- _Work instruction_: Copy every line from the records that holds the word "image".

***** Source material *****

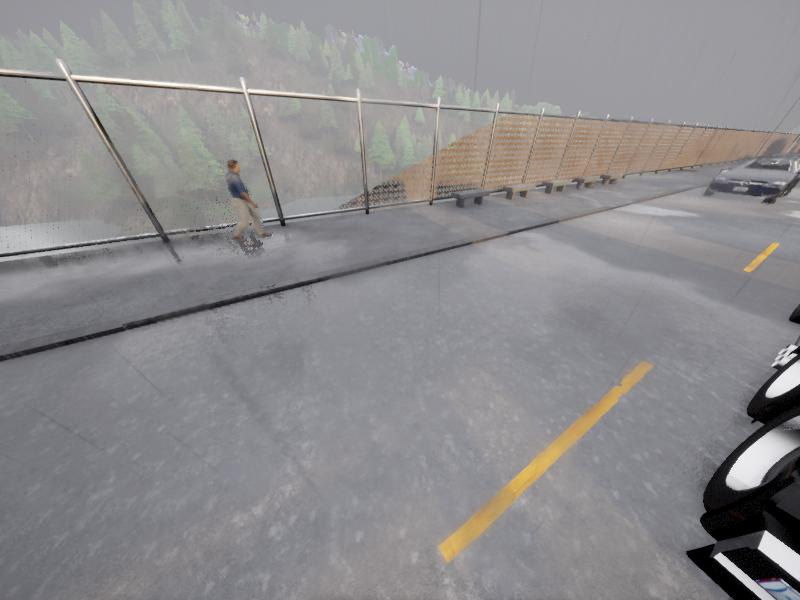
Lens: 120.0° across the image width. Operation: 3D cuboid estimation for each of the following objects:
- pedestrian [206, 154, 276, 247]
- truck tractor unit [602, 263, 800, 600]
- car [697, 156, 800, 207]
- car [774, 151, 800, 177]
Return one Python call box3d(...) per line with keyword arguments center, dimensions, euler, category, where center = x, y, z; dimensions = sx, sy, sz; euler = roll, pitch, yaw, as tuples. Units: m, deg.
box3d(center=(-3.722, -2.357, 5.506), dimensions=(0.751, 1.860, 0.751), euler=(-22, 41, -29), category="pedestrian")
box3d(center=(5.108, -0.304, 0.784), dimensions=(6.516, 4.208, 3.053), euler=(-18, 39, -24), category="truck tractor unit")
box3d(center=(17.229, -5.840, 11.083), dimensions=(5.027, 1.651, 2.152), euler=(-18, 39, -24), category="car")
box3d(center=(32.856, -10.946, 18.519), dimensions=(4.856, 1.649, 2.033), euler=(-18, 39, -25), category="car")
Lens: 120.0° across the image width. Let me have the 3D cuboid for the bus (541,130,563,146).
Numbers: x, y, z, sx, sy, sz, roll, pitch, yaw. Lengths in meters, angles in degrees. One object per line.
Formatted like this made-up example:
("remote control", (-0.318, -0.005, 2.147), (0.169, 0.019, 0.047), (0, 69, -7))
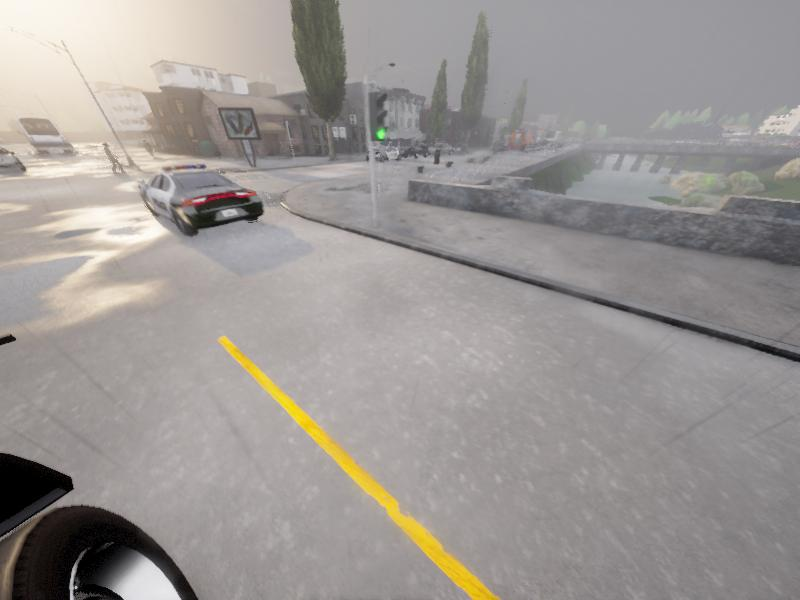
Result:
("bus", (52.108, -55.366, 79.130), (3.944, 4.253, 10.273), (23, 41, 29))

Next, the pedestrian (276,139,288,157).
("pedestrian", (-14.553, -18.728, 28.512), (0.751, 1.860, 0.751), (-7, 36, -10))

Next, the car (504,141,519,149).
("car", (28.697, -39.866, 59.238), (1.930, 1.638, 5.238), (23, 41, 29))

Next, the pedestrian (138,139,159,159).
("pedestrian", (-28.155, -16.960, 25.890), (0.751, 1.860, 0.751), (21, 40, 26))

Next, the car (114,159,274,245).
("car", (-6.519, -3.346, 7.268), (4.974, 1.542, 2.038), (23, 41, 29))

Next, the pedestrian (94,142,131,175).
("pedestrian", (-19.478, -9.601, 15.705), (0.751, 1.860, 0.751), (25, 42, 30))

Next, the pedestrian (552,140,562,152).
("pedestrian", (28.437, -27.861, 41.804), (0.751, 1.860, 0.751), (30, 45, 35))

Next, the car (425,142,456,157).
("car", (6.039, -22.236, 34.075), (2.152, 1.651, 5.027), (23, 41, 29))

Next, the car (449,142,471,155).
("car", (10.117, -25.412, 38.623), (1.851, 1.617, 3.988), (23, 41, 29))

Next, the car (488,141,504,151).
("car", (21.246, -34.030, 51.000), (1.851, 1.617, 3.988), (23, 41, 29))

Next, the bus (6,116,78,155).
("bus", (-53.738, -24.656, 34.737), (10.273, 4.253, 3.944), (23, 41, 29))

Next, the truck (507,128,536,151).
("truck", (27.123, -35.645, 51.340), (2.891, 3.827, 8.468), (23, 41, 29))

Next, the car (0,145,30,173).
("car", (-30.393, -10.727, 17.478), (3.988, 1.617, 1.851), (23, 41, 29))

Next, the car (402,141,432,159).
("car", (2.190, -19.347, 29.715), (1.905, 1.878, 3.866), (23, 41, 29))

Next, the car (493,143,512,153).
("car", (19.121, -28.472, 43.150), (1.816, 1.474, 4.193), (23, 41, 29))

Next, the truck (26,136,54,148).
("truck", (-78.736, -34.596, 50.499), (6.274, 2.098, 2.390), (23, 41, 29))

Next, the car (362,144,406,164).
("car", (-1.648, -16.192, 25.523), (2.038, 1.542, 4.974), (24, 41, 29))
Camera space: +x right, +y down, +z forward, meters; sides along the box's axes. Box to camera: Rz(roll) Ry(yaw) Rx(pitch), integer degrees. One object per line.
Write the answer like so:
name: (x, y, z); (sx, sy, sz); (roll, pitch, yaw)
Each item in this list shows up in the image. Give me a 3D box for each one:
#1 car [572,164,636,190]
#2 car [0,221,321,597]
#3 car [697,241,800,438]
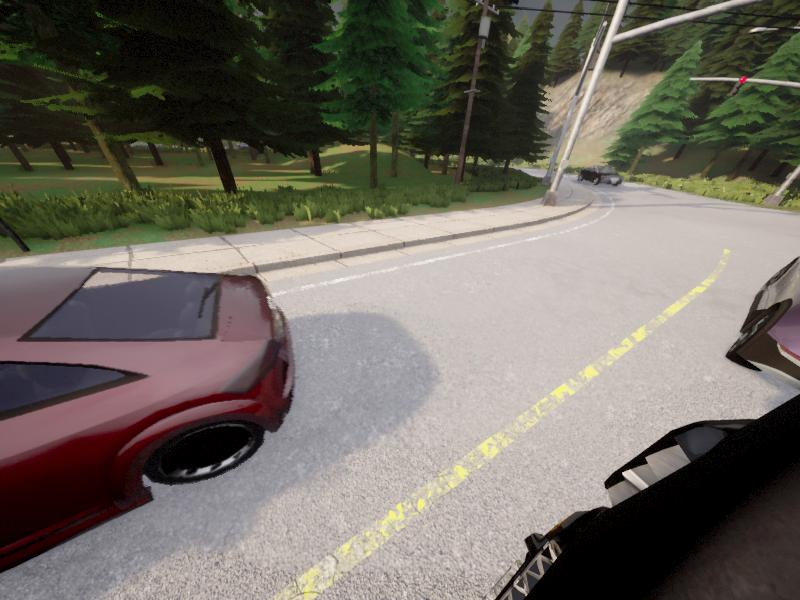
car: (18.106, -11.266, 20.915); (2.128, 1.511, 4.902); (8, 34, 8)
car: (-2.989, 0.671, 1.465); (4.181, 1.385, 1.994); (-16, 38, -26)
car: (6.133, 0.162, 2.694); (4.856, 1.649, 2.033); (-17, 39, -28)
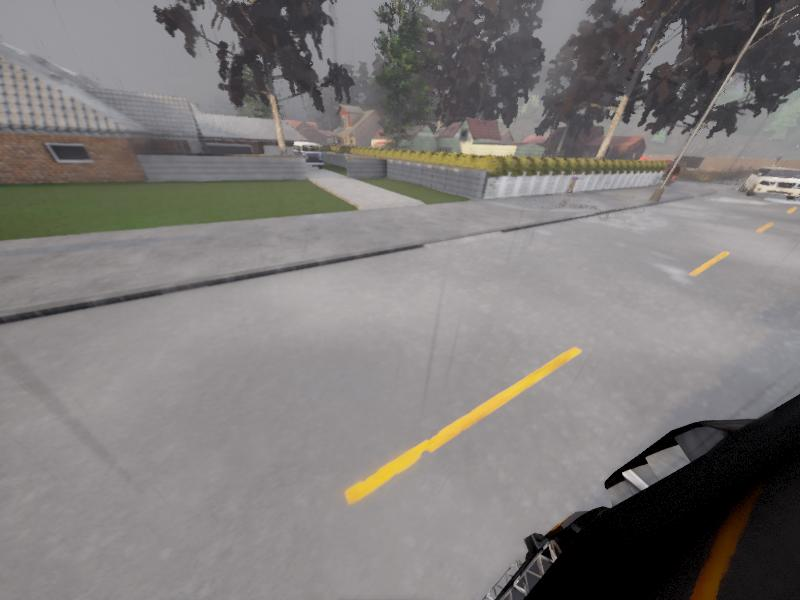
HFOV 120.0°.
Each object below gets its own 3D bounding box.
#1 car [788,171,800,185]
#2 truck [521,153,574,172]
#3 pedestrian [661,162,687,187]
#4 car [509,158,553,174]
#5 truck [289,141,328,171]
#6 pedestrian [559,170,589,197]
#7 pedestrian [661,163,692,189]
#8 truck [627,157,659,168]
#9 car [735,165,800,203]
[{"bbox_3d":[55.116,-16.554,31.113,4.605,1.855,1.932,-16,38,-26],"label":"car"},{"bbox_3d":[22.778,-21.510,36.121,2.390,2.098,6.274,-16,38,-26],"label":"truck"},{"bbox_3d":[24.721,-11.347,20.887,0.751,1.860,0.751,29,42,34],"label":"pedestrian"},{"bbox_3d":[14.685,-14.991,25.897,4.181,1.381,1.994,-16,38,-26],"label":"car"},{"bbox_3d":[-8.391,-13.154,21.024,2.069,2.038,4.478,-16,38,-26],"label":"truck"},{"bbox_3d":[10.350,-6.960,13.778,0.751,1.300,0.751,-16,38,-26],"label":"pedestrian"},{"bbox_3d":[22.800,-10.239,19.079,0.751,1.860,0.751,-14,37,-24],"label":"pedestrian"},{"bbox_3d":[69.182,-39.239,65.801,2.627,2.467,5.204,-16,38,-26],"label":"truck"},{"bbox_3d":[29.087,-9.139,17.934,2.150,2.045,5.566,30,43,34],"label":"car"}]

*****

- _Written response_:
Lens: 120.0° across the image width. Operation: 3D cuboid estimation for each of the following objects:
Lens: 120.0° across the image width. Let me have the 3D cuboid for the bus (541,130,563,146).
Each item in this list shows up in the image. Give me a 3D box for each one:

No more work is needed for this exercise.